What is up with families in America? Aren't there any parents anywhere who actually know their kids and what they are up to? Two recent news items compel me to ask the questions. One is somewhat lighthearted with a happy ending; the other is tragic.
Item One: Yesterday the Fox News Network burned over two hours of continuous coverage of a bizarre tale. It seems that a six year old boy was thought to be in the basket of a helium weather balloon built by his storm-chaser dad. The balloon escaped from the youngster's back yard, allegedly with the boy in it. Helicopters followed the balloon for nearly fifty miles while various news personalities kept up a running commentary of mindless speculation.
When the balloon finally dropped safely back to earth, breathless chasers reported that the boy was not on board after all. Then the real search began, only to discover the boy had been back home in the attic of the garage. He supposedly presented himself innocently to his supposedly distraught parents in the living room where they waited for news about him. I say supposedly (twice) because later that night on Larry King's show, the six year old let slip that he had been hiding in the attic because, "You had said we did this for a show."
True enough, this atypical American family has been on a reality show twice, and the dad produces something on YouTube. My guess is that this was some kind of stunt, either planned by the whole family, or maybe perpetrated by two young boys who accidentally let their Dad's fancy balloon get away. Being accustomed to make-believe at a high level of production, the two boys might have enough smarts to pull off something like that.
Item Two: A mother of one of the Columbine High School murderers is breaking her silence. Dylan Klebold's Mom writes in an article coming in next month's Oprah Magazine, "From the writings Dylan left behind, criminal psychologists have concluded that he was depressed and suicidal. When I first saw copied pages of these writings, they broke my heart. I'd had no inkling of the battle Dylan was waging in his mind." I realize that teens think many things, perhaps fight many battles in their minds that their parents might miss. I raised three kids and we all got through the teen years alive, so I know whereof I speak. But I would pray to God that I would not be so blind as to miss the signs that my child was suicidal. (My grown-up kids may be reading this, so I am prepared to hear from them that I am wrong.)

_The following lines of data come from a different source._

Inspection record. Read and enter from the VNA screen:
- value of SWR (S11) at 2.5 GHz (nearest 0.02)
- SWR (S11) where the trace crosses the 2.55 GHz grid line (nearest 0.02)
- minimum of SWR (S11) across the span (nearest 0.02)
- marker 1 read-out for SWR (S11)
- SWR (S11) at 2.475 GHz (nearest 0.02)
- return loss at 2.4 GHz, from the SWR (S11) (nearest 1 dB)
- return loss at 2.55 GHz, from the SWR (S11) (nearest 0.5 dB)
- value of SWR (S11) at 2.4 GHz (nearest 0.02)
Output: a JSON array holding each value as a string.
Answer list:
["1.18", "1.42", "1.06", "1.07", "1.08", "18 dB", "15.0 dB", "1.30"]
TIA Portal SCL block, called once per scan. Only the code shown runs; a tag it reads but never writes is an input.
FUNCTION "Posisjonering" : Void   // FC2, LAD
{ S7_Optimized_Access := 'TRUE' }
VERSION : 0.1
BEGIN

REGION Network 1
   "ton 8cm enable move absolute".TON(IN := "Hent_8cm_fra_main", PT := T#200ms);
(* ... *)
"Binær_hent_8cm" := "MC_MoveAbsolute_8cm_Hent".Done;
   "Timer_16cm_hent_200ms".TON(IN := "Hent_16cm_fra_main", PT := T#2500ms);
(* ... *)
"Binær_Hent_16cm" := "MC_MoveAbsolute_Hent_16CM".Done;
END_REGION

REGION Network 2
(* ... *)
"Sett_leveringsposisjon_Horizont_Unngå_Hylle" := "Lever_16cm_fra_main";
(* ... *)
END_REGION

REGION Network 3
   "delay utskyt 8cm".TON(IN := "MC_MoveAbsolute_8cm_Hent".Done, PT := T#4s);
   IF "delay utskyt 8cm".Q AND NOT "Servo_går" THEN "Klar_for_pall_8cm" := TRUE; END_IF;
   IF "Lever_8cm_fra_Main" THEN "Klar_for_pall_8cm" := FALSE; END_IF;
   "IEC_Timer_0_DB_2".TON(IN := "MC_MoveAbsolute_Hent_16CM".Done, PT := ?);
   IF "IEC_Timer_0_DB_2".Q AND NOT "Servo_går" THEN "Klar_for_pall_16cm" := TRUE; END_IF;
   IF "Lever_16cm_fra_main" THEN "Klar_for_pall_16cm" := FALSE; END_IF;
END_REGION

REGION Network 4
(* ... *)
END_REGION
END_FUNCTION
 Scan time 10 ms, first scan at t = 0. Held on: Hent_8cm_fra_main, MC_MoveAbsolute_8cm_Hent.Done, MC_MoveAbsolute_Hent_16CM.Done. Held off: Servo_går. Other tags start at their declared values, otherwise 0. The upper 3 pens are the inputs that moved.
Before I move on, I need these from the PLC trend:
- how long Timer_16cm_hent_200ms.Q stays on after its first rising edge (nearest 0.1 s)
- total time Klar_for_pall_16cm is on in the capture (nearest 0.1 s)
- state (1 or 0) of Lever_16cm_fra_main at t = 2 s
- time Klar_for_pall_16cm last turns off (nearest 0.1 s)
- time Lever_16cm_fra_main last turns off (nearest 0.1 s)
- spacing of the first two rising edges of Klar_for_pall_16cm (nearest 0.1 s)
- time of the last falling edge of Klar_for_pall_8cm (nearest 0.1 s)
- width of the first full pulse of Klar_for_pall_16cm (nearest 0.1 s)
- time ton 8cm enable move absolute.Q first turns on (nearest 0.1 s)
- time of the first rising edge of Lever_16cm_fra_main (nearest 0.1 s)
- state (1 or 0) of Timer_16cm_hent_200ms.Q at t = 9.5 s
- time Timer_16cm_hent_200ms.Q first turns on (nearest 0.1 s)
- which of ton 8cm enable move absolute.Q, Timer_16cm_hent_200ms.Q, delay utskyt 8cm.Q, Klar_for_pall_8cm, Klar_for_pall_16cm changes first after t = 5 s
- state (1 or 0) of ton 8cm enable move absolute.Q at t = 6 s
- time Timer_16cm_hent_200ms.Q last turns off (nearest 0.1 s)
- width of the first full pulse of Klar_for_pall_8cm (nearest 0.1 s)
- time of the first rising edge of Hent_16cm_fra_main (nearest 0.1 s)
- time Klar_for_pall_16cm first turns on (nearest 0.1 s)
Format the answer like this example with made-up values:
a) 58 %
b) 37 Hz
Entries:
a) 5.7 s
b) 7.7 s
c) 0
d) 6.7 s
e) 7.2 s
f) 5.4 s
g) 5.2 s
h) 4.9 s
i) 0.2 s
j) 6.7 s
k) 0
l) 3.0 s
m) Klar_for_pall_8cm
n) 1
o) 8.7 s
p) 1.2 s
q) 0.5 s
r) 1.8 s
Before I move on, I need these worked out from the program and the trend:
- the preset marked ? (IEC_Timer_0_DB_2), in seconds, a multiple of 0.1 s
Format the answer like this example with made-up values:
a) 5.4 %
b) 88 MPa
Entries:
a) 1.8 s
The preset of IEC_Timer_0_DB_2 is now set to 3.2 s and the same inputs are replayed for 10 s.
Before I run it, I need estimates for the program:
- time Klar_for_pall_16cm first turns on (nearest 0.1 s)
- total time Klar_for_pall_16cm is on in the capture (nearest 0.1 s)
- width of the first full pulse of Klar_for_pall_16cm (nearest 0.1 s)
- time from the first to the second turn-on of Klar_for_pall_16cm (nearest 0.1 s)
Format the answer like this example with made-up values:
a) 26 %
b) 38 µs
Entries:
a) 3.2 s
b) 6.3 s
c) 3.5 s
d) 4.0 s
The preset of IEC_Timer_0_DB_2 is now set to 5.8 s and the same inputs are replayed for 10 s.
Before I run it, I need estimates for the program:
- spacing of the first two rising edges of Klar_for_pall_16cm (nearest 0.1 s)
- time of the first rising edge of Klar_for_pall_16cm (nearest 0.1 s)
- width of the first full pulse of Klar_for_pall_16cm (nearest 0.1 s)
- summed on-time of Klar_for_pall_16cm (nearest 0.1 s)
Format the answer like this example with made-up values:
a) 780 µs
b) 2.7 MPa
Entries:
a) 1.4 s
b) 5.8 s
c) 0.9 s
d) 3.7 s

My heart aches for Mrs. Klebold. I do not wish to add to her sorrow by suggesting that anything she and her husband did or did not do contributed to the tragedy. However, the reporting that came out soon after the incident revealed several clear indications that the boys were not doing well. My question is this: If Dylan had been at the supper table with his family every night; if he and his father had spent regular time together in common interests; if there had been no sanctuary where a teenage boy could stockpile weapons and ammunition, would the outcome have been different?

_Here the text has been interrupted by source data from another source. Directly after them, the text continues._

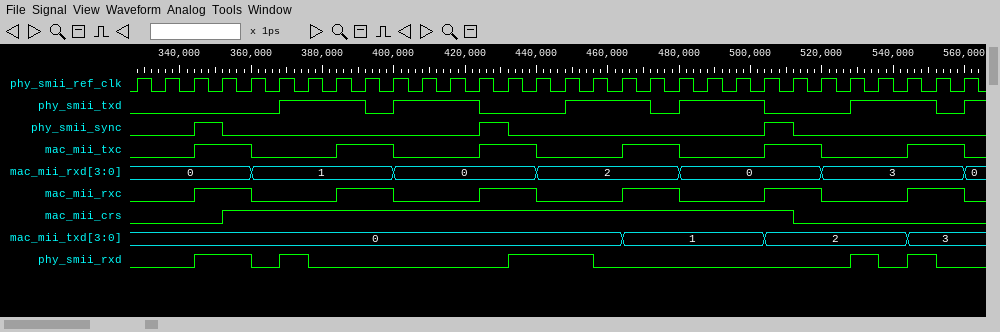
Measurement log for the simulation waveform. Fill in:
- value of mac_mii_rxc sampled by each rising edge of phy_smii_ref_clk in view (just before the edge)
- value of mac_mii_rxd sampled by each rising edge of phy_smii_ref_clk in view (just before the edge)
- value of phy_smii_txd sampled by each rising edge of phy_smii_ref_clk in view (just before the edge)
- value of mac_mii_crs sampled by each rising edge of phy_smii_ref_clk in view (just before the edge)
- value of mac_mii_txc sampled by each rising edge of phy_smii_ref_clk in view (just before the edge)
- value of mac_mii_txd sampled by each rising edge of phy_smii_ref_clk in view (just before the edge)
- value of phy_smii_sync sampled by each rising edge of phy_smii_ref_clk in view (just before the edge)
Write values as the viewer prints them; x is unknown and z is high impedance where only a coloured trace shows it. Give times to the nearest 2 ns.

0 0 0 1 1 0 0 0 1 1 0 0 0 1 1 0 0 0 1 1 0 0 0 1 1 0 0 0 1 1
0, 0, 0, 0, 0, 1, 1, 1, 1, 1, 0, 0, 0, 0, 0, 2, 2, 2, 2, 2, 0, 0, 0, 0, 0, 3, 3, 3, 3, 3
0 0 0 0 0 0 1 1 1 0 1 1 1 0 0 0 1 1 1 0 1 1 1 0 0 0 1 1 1 0
0 0 0 0 1 1 1 1 1 1 1 1 1 1 1 1 1 1 1 1 1 1 1 1 0 0 0 0 0 0
0 0 0 1 1 0 0 0 1 1 0 0 0 1 1 0 0 0 1 1 0 0 0 1 1 0 0 0 1 1
0, 0, 0, 0, 0, 0, 0, 0, 0, 0, 0, 0, 0, 0, 0, 0, 0, 0, 1, 1, 1, 1, 1, 2, 2, 2, 2, 2, 3, 3
0 0 0 1 0 0 0 0 0 0 0 0 0 1 0 0 0 0 0 0 0 0 0 1 0 0 0 0 0 0
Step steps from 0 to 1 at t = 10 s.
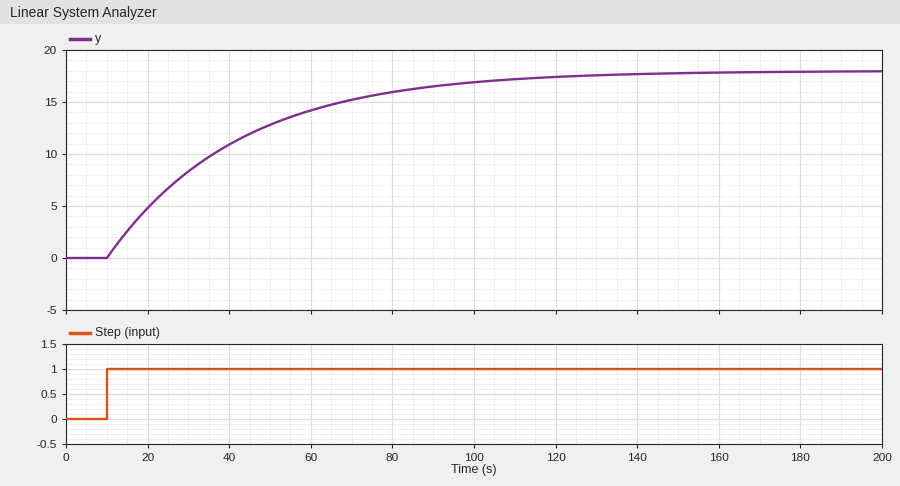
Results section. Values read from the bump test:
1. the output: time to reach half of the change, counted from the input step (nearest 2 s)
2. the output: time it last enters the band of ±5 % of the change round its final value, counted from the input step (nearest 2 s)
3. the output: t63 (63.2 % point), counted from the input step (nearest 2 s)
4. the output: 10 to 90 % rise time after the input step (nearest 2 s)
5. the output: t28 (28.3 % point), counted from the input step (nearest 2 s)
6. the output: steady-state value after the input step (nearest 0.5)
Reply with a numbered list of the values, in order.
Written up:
1. 22 s
2. 96 s
3. 32 s
4. 70 s
5. 10 s
6. 18.0
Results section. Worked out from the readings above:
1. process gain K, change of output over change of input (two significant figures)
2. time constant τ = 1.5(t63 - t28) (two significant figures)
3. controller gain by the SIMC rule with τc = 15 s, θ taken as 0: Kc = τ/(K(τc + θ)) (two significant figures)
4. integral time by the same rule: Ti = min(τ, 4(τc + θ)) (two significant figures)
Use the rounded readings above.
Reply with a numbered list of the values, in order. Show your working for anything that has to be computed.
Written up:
1. (18 - 0) / 1 = 18
2. 1.5 × (32 - 10) = 33 s
3. 33 / (18 × (15 + 0)) = 0.12
4. min(33, 4 × (15 + 0)) = 33 s

I don't know that either one of these families is Christian. If they are not, their behavior can not be judged by Scripture. They may simply be the product of our sad secular society. But for Christians, the lesson is stark. An old TV commercial used to ask, "It's eleven o'clock; do you know where you children are?" In a day when most teens have easy access to private transportation, the answer is more often than not, "No." Sadly, surveys of Christian homes reveal that few families sit together for even one meal a day. My experience as a Christian school teacher (and parent of teens) suggests that most teens spend several evenings per week in unsupervised travel with their peers.
The Apostle Paul instructs Ephesian parents to bring up children in the nurture and admonition of the Lord. In Deuteronomy Moses asks parents to keep the law of God before their children when they come in and when they go out. I fear Christian parents in America are too much bedazzled by the culture of Madison Avenue and Hollywood when it comes to raising their children. Two simple steps could make a world of difference in the next generation: eat supper every night as a family (with meaningful conversation around the table,) and limit the amount of time and mileage teens get in the privacy of an automobile.
Is this an old-fashioned idea? Yup. And decidedly Biblical. To keep your kids away from balloons and bombs, crank up the stove and shut down the car. Ya think?